Holo1.5’s performance on localization benchmarks is highly competitive. It reports state-of-the-art GUI grounding across ScreenSpot-v2, ScreenSpot-Pro, GroundUI-Web, Showdown, and WebClick. For instance, the 7B model achieves an average score of 77.32 on ScreenSpot-v2, compared to 60.73 for Qwen2.5-VL-7B. On the more challenging ScreenSpot-Pro, Holo1.5-7B scores 57.94 versus 29.00 for Qwen2.5-VL-7B, showing significantly better target selection under realistic conditions. The 3B and 72B checkpoints exhibit similar relative gains.

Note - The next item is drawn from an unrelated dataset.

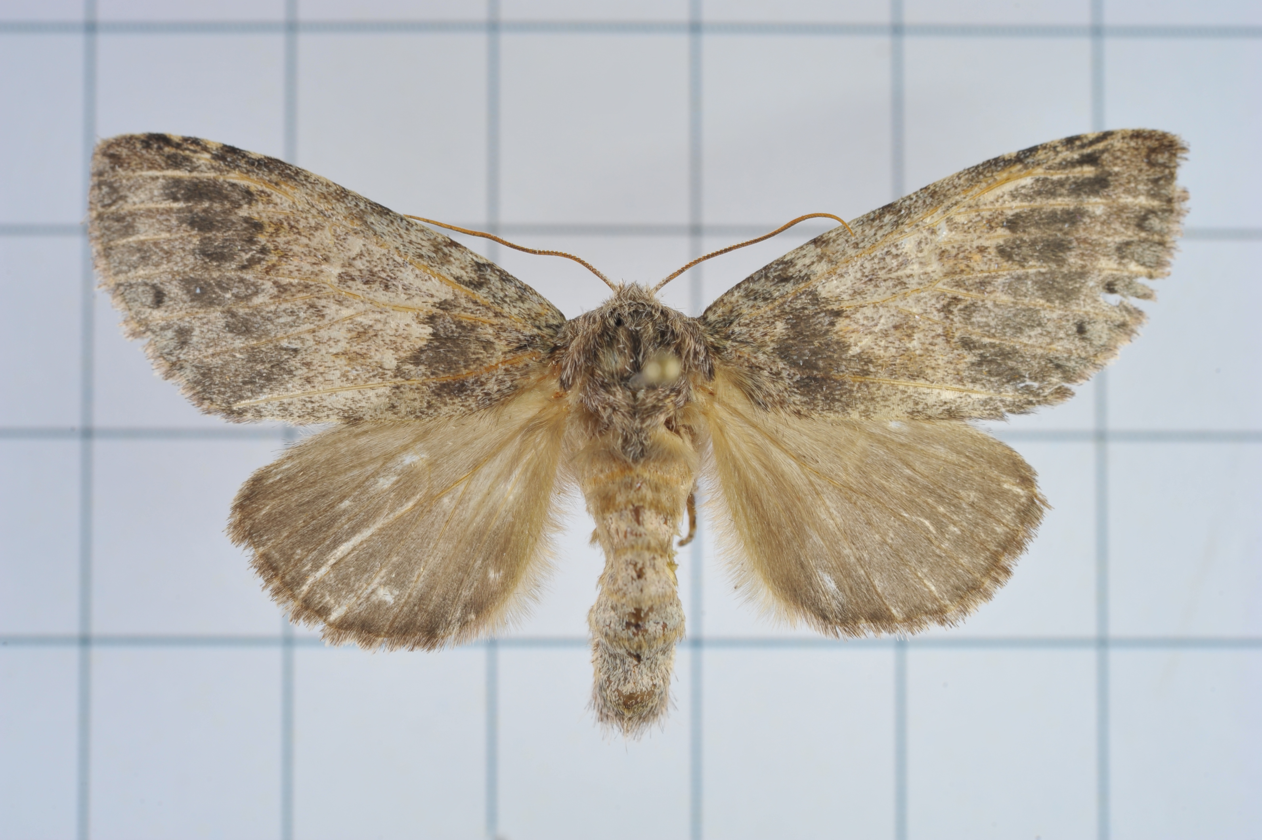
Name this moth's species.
Disparia wilemani

But Holo1.5’s prowess isn’t limited to localization. It also excels in UI understanding (UI-VQA), a crucial aspect of agent reliability. On benchmarks like VisualWebBench, WebSRC, and ScreenQA, Holo1.5 yields consistent accuracy improvements, with reported 7B averages of approximately 88.17 and 72B averages around 90.00. This enables agents to accurately answer queries like “Which tab is active?” or “Is the user signed in?”, reducing ambiguity and enabling verification between actions.
In comparison to specialized and closed systems, Holo1.5 outperforms open baselines and shows advantages versus competitive specialized systems and closed generalist models under the published evaluation setup. However, practitioners should replicate evaluations with their specific harness before drawing deployment-level conclusions, as protocols, prompts, and screen resolutions can influence outcomes.
The integration of Holo1.5 into CU agents brings several benefits. Firstly, it offers higher click reliability at native resolution, as evidenced by improved performance on ScreenSpot-Pro. This suggests reduced misclicks in complex applications like IDEs, design suites, and admin consoles. Secondly, stronger state tracking, facilitated by higher UI-VQA accuracy, improves detection of logged-in state, active tab, modal visibility, and success/failure cues. Lastly, the pragmatic licensing path allows for the use of the 7B model in production, with the 72B checkpoint available for internal experiments or to bound headroom.
In a modern CU stack, Holo1.5 serves as the screen perception layer. It takes full-resolution screenshots (optionally with UI metadata) as input and outputs target coordinates with confidence and short textual answers about screen state. Downstream, action policies convert these predictions into click/keyboard events, while monitoring verifies post-conditions and triggers retries or fallbacks.
Holo1.5 bridges a practical gap in CU systems by pairing strong coordinate grounding with concise interface understanding. For those seeking a commercially usable base today, Holo1.5-7B (Apache-2.0) is an excellent starting point. Benchmark it on your screens and instrument your planner/safety layers around it.
To get started, check out the models on Hugging Face and the technical details. The H Company GitHub page offers tutorials, codes, and notebooks, while their Twitter account and 100k+ ML SubReddit provide community support. Don’t forget to subscribe to their newsletter to stay updated on their latest developments.
In conclusion, H Company’s Holo1.5 is not just a release; it’s a significant step forward in AI’s ability to understand and interact with complex digital environments. By offering an open-source, high-performing model tailored to the needs of CU agents, H Company is democratizing access to advanced AI capabilities and paving the way for more intuitive, reliable, and efficient human-AI interactions.